Due to the lack of structure, unstructured data only supports searching through metadata or content search through structure. In the table above, different rows show different search methods.
Metadata is data about files, and are often represented as name-value pairs although in some cases, the values can be of a complex type. File systems have metadata, but are often limited to a default set of properties. Metadata catalogs keep track of user-defined metadata about files and facilitate searching for files based on some criteria.
Another alternative is building an index. Index is a mapping from substrings (often words) in files to files. Search on substrings is supported through the index. Google uses this model to a great effect.

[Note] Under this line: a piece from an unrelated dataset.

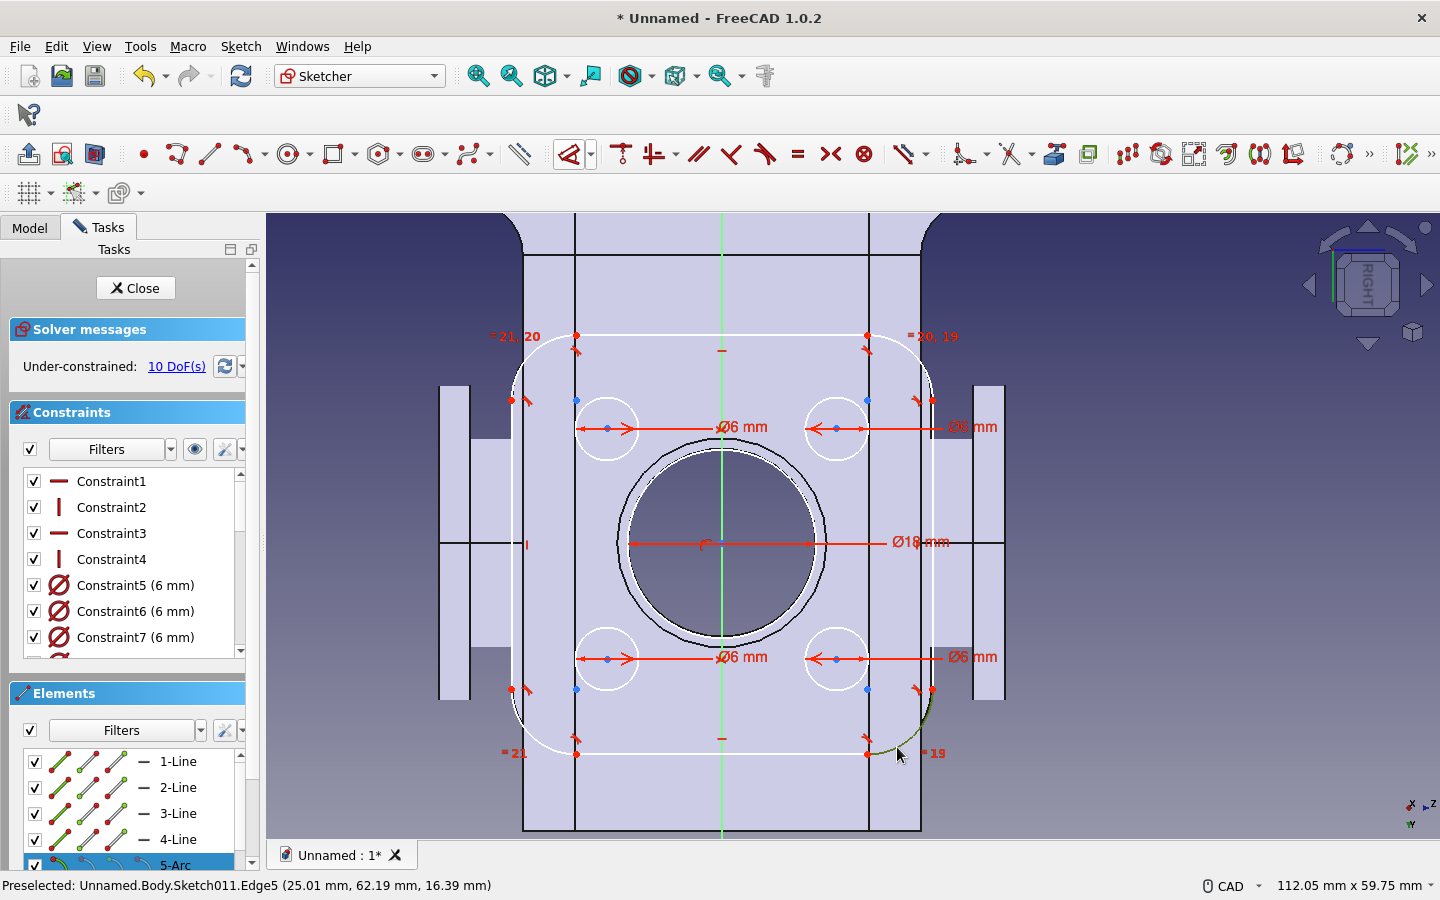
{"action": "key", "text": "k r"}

Since unstructured data storages do not understand the structure, they do not provide any constancy guarantees for data stored in them, and Parallel access is often handled through locks, where one process has exclusive access to the files while the data is being updated. Google File System has the concept of "append only files", where many processes can append records to files concurrently.
(Click on the image to enlarge it)
Listing 3 above depicts the recommendations for storing and managing the semi-structured data. They come in many forms (e.g. XML, Graphs), and different rows in the table represent each type. Each type often has data storages optimized for the data type and they are often the best storage choice for that type.

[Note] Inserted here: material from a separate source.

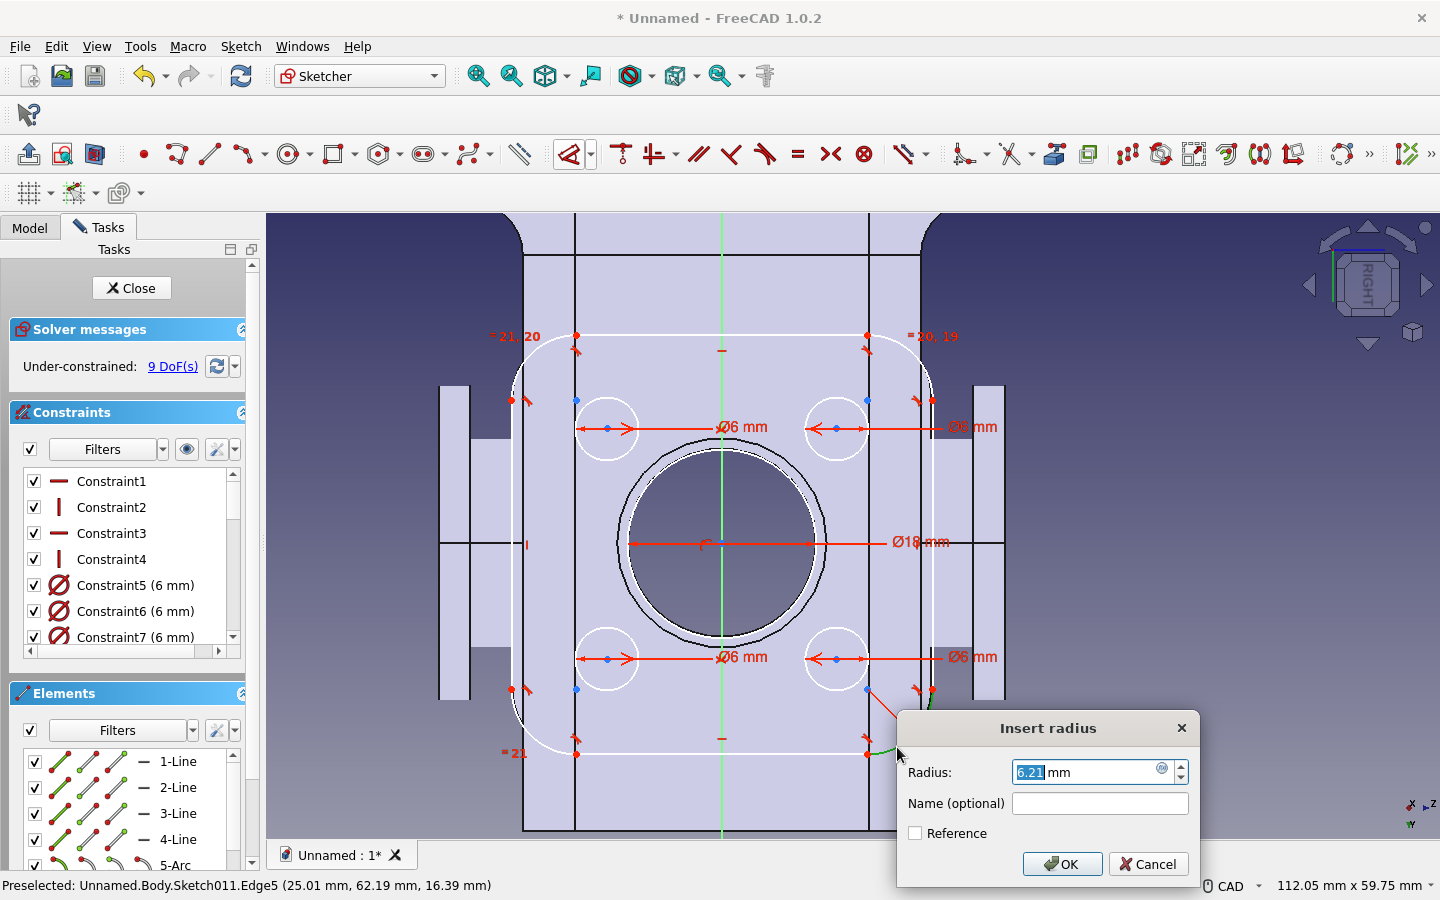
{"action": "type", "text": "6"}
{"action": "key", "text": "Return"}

However, semi-structured data should only be stored as semi-structured data if one wants to store it as-is, and query the data through its structure. Otherwise, if the structure of data is known, it is better to convert the data to structured data and store it in structured form. For example, receiving XMLs as requests does not mean that one should have XML database as a storage mechanism. Most of the time, the schema for the XML is well known and it makes sense to extract the data and store in structured form.
At the same time, if the application never needs to search within XML through XPath, then XML can be stored in unstructured storage as XML database features are not useful to the application. XML databases help only in cases where there is XML whose schema is not known, and the application needs to search within that data using tools like XPath. The same is true for many semi-structured data types. In addition, it is worth noting that semi-structured data stores not widely used and proved in production much. Therefore, they should not be used unless they can provide some advantages over the structured model.
A good example of using semi-structured storage is storing a social graph. Since the social graph does not fit nicely with the structured data like relational data model, and since applications need to perform graph-based queries that are often very inefficient with the relational model, it often makes sense to keep social graphs in a graph database.
(Click on the image to enlarge it)
Table 4 summarizes the recommendations for structured data. It presents three dimensions: scale, consistency, and search support in a 2D form. The rows show different types of queries. We categorize columns first by scale, and then further categorize by consistency. Each cell provides recommendations for a specific scale, consistency model, and type of queries. The acronyms used in the table are as follow:
KV = Key-Value Systems, CF = Column Families, Doc = Document Based Systems
The recommendations in the table are based on the following general guidelines:
- Only databases have out-of-the-box support for transactions. It may be an option to implement transactions using transaction manager (e.g. Atomikos , Zookeeper, but that is likely to be slower than DB transactions.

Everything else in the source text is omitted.